Question

Length of the latus rectum of the parabola $25[(x - 2)^2 + (y - 3)^2] = (3x-4y + 7)^2$ is-

• A. 4
• B. 2
• C. 1/5
• D. 2/5

Answer 1

Answer: (D)

2/5

Answer 2

The given equation is $25[(x - 2)^2 + (y - 3)^2] = (3x-4y + 7)^2$. This can be rewritten as: $5 \sqrt{(x - 2)^2 + (y - 3)^2} = |3x-4y + 7|$ The term $\sqrt{(x - 2)^2 + (y - 3)^2}$ is the distance from a point $(x,y)$ to the point $(2,3)$. The distance from a point $(x,y)$ to the line $3x-4y+7=0$ is given by $d = \frac{|3x-4y+7|}{\sqrt{3^2+(-4)^2}} = \frac{|3x-4y+7|}{5}$. Thus, $|3x-4y+7| = 5d$. Substituting this into the equation, we get: $5 \sqrt{(x - 2)^2 + (y - 3)^2} = 5d$ $\sqrt{(x - 2)^2 + (y - 3)^2} = d$ This equation states that the distance from the point $(x,y)$ to the point $(2,3)$ is equal to the distance from the point $(x,y)$ to the line $3x-4y+7=0$. This is the definition of a parabola where the focus is $(2,3)$ and the directrix is $3x-4y+7=0$.

For a parabola, the distance from the focus to the directrix is $2a$, where $a$ is the distance from the vertex to the focus (or vertex to the directrix).

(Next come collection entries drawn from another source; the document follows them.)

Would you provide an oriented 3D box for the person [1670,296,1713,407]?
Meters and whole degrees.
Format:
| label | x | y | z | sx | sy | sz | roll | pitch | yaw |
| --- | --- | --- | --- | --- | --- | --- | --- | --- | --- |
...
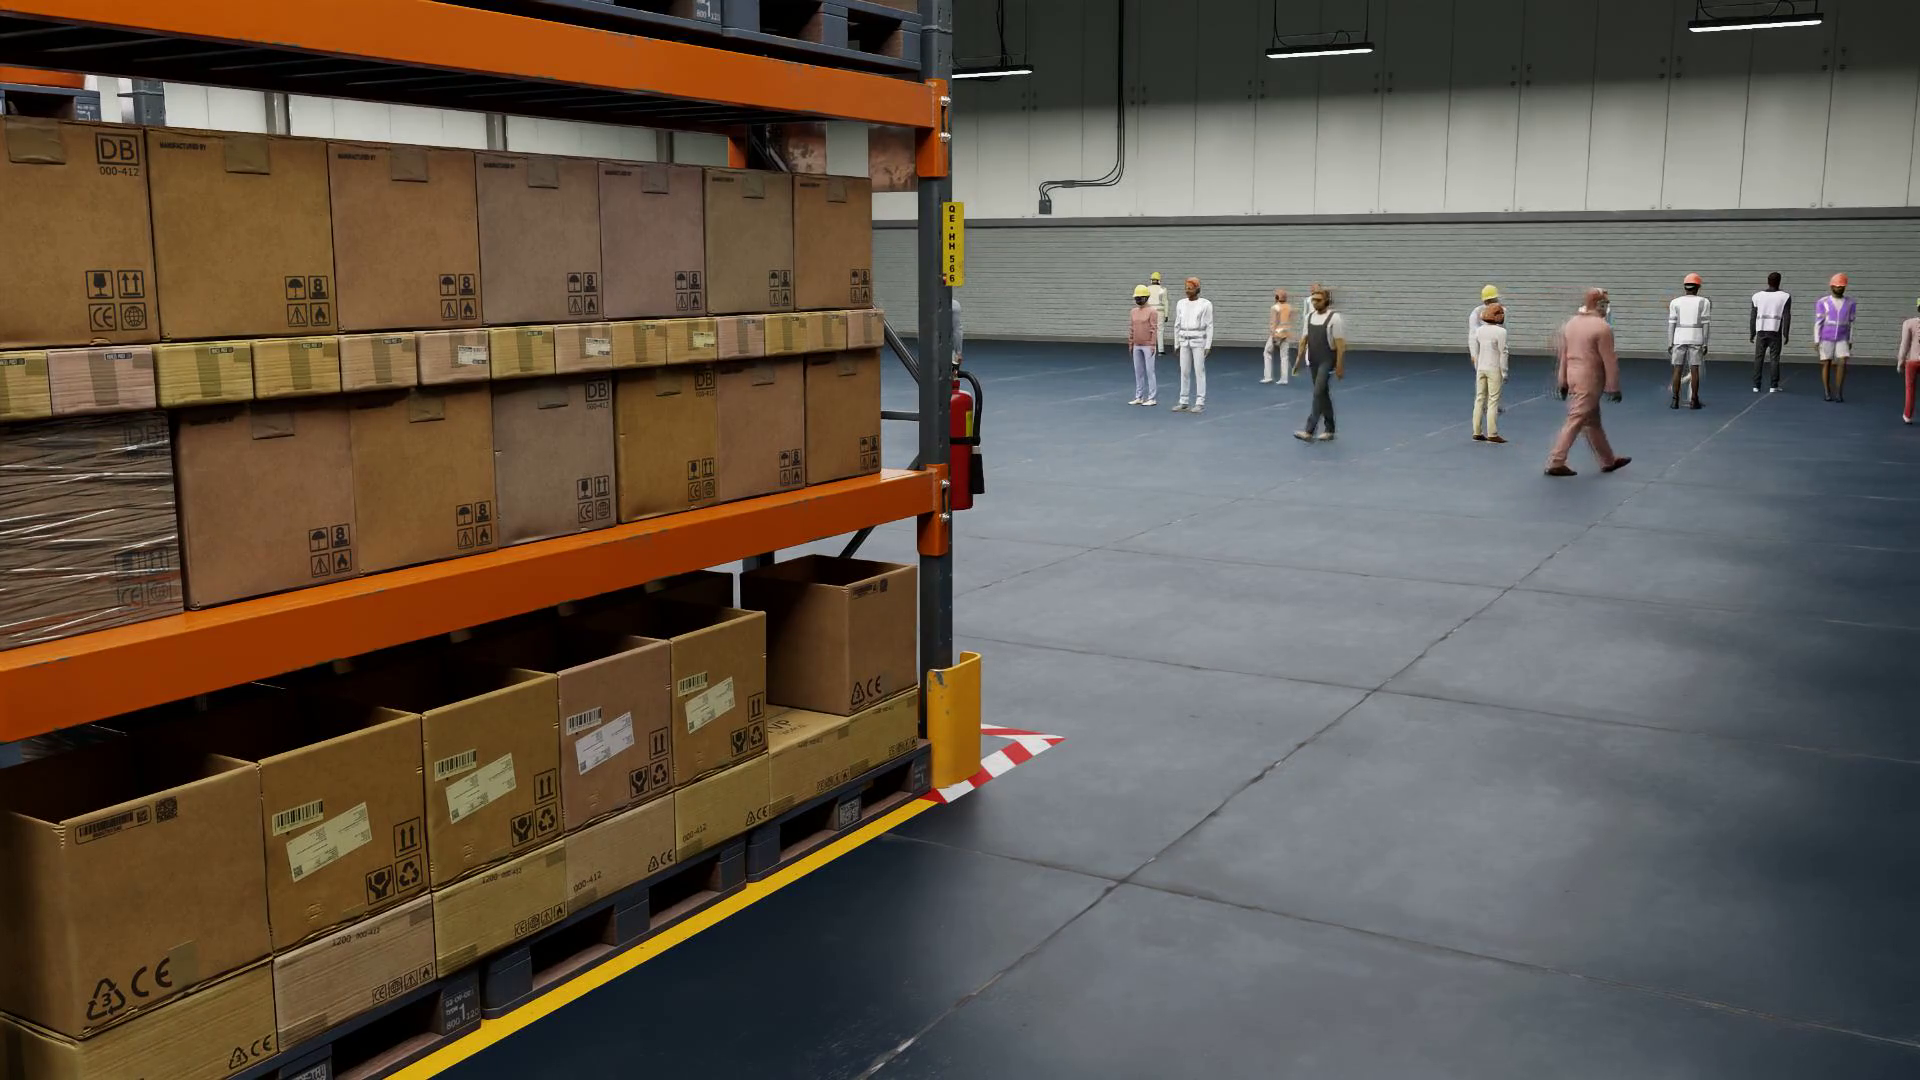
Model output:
| label | x | y | z | sx | sy | sz | roll | pitch | yaw |
| --- | --- | --- | --- | --- | --- | --- | --- | --- | --- |
| person | 10.618 | -2.729 | 24.090 | 0.457 | 1.605 | 0.527 | 4 | 11 | 24 |

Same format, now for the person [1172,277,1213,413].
| label | x | y | z | sx | sy | sz | roll | pitch | yaw |
| --- | --- | --- | --- | --- | --- | --- | --- | --- | --- |
| person | 3.244 | -2.717 | 23.204 | 0.584 | 1.882 | 0.337 | 8 | 12 | 38 |

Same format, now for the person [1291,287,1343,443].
| label | x | y | z | sx | sy | sz | roll | pitch | yaw |
| --- | --- | --- | --- | --- | --- | --- | --- | --- | --- |
| person | 4.145 | -2.039 | 19.452 | 0.905 | 1.802 | 0.522 | -6 | 12 | -33 |

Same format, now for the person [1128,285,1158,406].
| label | x | y | z | sx | sy | sz | roll | pitch | yaw |
| --- | --- | --- | --- | --- | --- | --- | --- | --- | --- |
| person | 2.657 | -2.831 | 24.250 | 0.346 | 1.756 | 0.518 | -9 | 13 | -42 |

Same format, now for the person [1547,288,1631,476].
| label | x | y | z | sx | sy | sz | roll | pitch | yaw |
| --- | --- | --- | --- | --- | --- | --- | --- | --- | --- |
| person | 6.304 | -1.556 | 16.495 | 1.008 | 1.849 | 0.663 | -2 | 10 | -12 |

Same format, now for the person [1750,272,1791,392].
| label | x | y | z | sx | sy | sz | roll | pitch | yaw |
| --- | --- | --- | --- | --- | --- | --- | --- | --- | --- |
| person | 12.987 | -3.330 | 26.692 | 0.590 | 1.918 | 0.389 | 8 | 13 | 39 |

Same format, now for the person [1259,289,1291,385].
| label | x | y | z | sx | sy | sz | roll | pitch | yaw |
| --- | --- | --- | --- | --- | --- | --- | --- | --- | --- |
| person | 5.366 | -3.452 | 28.279 | 0.523 | 1.622 | 0.606 | -7 | 12 | -35 |

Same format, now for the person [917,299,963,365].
| label | x | y | z | sx | sy | sz | roll | pitch | yaw |
| --- | --- | --- | --- | --- | --- | --- | --- | --- | --- |
| person | -0.242 | -2.411 | 21.250 | 0.637 | 1.938 | 0.355 | 6 | 11 | 29 |

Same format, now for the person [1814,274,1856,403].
| label | x | y | z | sx | sy | sz | roll | pitch | yaw |
| --- | --- | --- | --- | --- | --- | --- | --- | --- | --- |
| person | 13.034 | -2.998 | 24.771 | 0.562 | 1.906 | 0.785 | 3 | 10 | 17 |

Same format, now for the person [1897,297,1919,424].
| label | x | y | z | sx | sy | sz | roll | pitch | yaw |
| --- | --- | --- | --- | --- | --- | --- | --- | --- | --- |
| person | 12.262 | -2.272 | 21.172 | 0.542 | 1.694 | 1.021 | 6 | 11 | 29 |

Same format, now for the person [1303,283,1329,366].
| label | x | y | z | sx | sy | sz | roll | pitch | yaw |
| --- | --- | --- | --- | --- | --- | --- | --- | --- | --- |
| person | 7.035 | -4.248 | 32.893 | 0.515 | 1.636 | 0.315 | 6 | 12 | 33 |

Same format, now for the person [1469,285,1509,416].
| label | x | y | z | sx | sy | sz | roll | pitch | yaw |
| --- | --- | --- | --- | --- | --- | --- | --- | --- | --- |
| person | 7.187 | -2.574 | 22.638 | 0.614 | 1.790 | 0.520 | -2 | 10 | -10 |

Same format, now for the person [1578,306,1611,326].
| label | x | y | z | sx | sy | sz | roll | pitch | yaw |
| --- | --- | --- | --- | --- | --- | --- | --- | --- | --- |
| person | 10.135 | -3.180 | 26.637 | 0.522 | 1.636 | 0.310 | 4 | 10 | 21 |

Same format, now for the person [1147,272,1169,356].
| label | x | y | z | sx | sy | sz | roll | pitch | yaw |
| --- | --- | --- | --- | --- | --- | --- | --- | --- | --- |
| person | 4.284 | -4.941 | 36.373 | 0.590 | 1.835 | 0.404 | 4 | 10 | 22 |

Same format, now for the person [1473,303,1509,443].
| label | x | y | z | sx | sy | sz | roll | pitch | yaw |
| --- | --- | --- | --- | --- | --- | --- | --- | --- | --- |
| person | 6.211 | -1.950 | 19.449 | 0.285 | 1.633 | 0.500 | -5 | 11 | -26 |

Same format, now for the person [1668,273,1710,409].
| label | x | y | z | sx | sy | sz | roll | pitch | yaw |
| --- | --- | --- | --- | --- | --- | --- | --- | --- | --- |
| person | 10.377 | -2.822 | 23.696 | 0.543 | 1.928 | 0.374 | 5 | 11 | 29 |
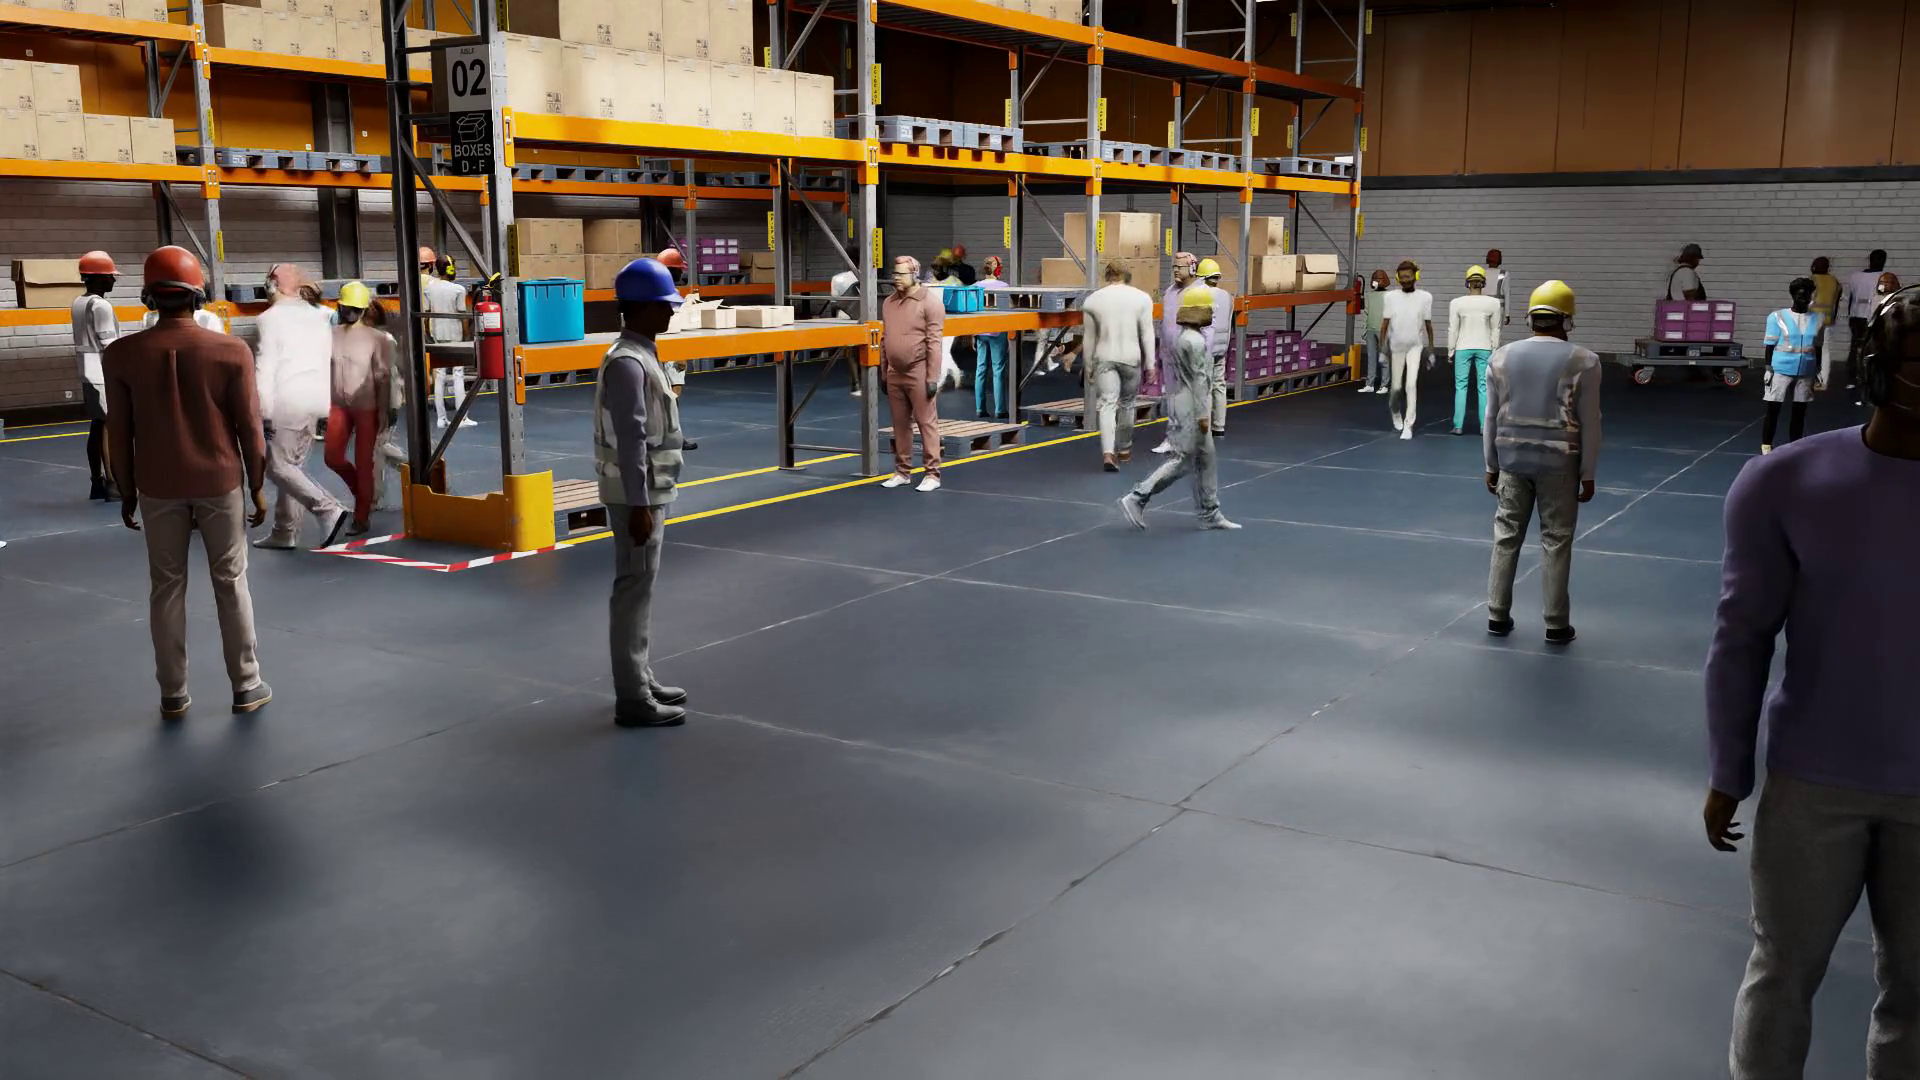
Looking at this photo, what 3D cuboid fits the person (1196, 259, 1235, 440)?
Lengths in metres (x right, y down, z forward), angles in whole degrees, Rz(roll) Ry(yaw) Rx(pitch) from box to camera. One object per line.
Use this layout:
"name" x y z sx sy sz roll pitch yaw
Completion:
"person" 2.492 -1.906 16.762 0.587 1.835 0.404 -9 14 -42

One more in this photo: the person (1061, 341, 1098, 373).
"person" 1.841 -3.396 24.565 0.745 2.008 0.706 -4 11 -19

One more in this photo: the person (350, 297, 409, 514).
"person" -4.298 -1.017 12.476 0.528 1.613 0.646 10 14 43

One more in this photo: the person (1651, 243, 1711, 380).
"person" 10.378 -3.327 24.063 0.987 2.000 0.683 3 11 16

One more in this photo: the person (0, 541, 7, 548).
"person" -6.437 -0.839 10.664 0.408 1.904 0.640 -2 10 -11

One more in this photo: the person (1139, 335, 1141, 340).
"person" 2.180 -2.800 21.436 0.553 1.933 0.371 -10 14 -43

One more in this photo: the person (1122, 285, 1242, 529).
"person" 1.555 -0.905 11.544 0.785 1.718 0.488 1 10 3

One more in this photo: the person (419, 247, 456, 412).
"person" -6.284 -2.486 19.682 0.545 1.942 0.353 3 11 18

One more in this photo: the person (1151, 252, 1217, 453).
"person" 2.090 -1.738 15.629 0.406 1.911 0.639 -8 13 -38

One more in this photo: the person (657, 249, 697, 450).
"person" -2.787 -1.834 16.079 0.358 1.936 0.552 -7 13 -35

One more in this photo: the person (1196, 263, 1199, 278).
"person" 3.686 -3.535 26.211 0.539 1.679 0.630 3 11 15

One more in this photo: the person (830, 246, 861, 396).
"person" -1.413 -2.887 21.920 0.618 1.921 0.977 -2 10 -13

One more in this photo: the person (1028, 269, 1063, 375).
"person" 1.320 -3.294 25.102 0.534 1.597 0.803 9 14 41

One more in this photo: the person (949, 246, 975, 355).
"person" -0.051 -4.247 29.500 0.650 1.925 1.085 6 12 30

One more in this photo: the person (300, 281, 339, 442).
"person" -6.515 -1.783 16.727 0.521 1.605 0.788 2 10 9

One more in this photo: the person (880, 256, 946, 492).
"person" -0.416 -1.342 13.477 0.637 1.899 0.395 9 13 39

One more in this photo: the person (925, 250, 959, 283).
"person" -0.323 -3.947 28.018 0.643 1.853 1.008 -1 10 -7

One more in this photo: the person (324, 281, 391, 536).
"person" -4.157 -0.907 11.455 0.556 1.742 0.456 1 10 8

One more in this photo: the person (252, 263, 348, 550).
"person" -4.304 -0.850 10.801 0.676 1.879 0.658 3 11 16

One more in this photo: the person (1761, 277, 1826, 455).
"person" 7.461 -1.499 14.902 0.533 1.692 0.319 1 10 4

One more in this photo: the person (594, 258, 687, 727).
"person" -1.330 -0.202 7.004 0.405 1.946 0.610 -1 10 -6

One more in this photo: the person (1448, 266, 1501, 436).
"person" 5.311 -1.950 17.222 0.522 1.761 0.322 2 10 10

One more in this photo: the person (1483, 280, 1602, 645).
"person" 2.935 -0.390 8.408 0.591 1.823 0.405 8 13 38

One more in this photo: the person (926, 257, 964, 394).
"person" -0.184 -2.854 22.122 0.642 1.816 0.830 8 13 37

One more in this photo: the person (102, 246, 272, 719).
"person" -3.256 -0.235 7.052 0.613 1.997 0.374 -3 11 -15

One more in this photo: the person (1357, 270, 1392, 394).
"person" 5.526 -2.751 22.004 0.279 1.633 0.501 -8 13 -37

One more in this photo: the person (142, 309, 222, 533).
"person" -5.394 -0.997 11.685 0.581 1.857 0.810 2 10 10

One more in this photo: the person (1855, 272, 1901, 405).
"person" 11.218 -2.428 20.211 0.285 1.634 0.499 -3 11 -16

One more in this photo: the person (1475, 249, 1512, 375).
"person" 7.943 -3.393 24.865 0.584 1.882 0.347 7 12 34

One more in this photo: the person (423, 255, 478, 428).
"person" -5.536 -2.143 17.994 0.513 1.865 0.329 2 10 11

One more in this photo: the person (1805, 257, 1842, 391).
"person" 11.563 -2.928 22.559 0.647 1.786 0.977 -1 10 -7

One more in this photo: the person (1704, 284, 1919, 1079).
"person" 1.785 0.481 3.244 0.635 1.939 0.359 4 11 21

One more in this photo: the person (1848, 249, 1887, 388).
"person" 12.405 -3.007 22.719 0.575 1.896 0.616 -8 13 -36

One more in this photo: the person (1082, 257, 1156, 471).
"person" 1.401 -1.568 14.771 0.646 1.887 1.031 1 10 7

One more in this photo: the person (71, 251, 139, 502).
"person" -6.635 -1.264 12.917 0.552 1.937 0.356 9 13 40

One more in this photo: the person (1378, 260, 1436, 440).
"person" 4.618 -1.971 17.166 0.577 1.832 0.809 3 11 18

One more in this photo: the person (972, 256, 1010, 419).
"person" 0.353 -2.293 18.886 0.565 1.842 0.390 6 12 31

The length of the latus rectum is $4a$.

The distance from the focus $(h,k) = (2,3)$ to the directrix $Ax+By+C=0$ where $A=3, B=-4, C=7$ is: $2a = \frac{|Ah+Bk+C|}{\sqrt{A^2+B^2}} = \frac{|3(2) - 4(3) + 7|}{\sqrt{3^2 + (-4)^2}}$ $2a = \frac{|6 - 12 + 7|}{\sqrt{9 + 16}} = \frac{|1|}{\sqrt{25}} = \frac{1}{5}$

The length of the latus rectum is $4a = 2 \times (2a) = 2 \times \frac{1}{5} = \frac{2}{5}$.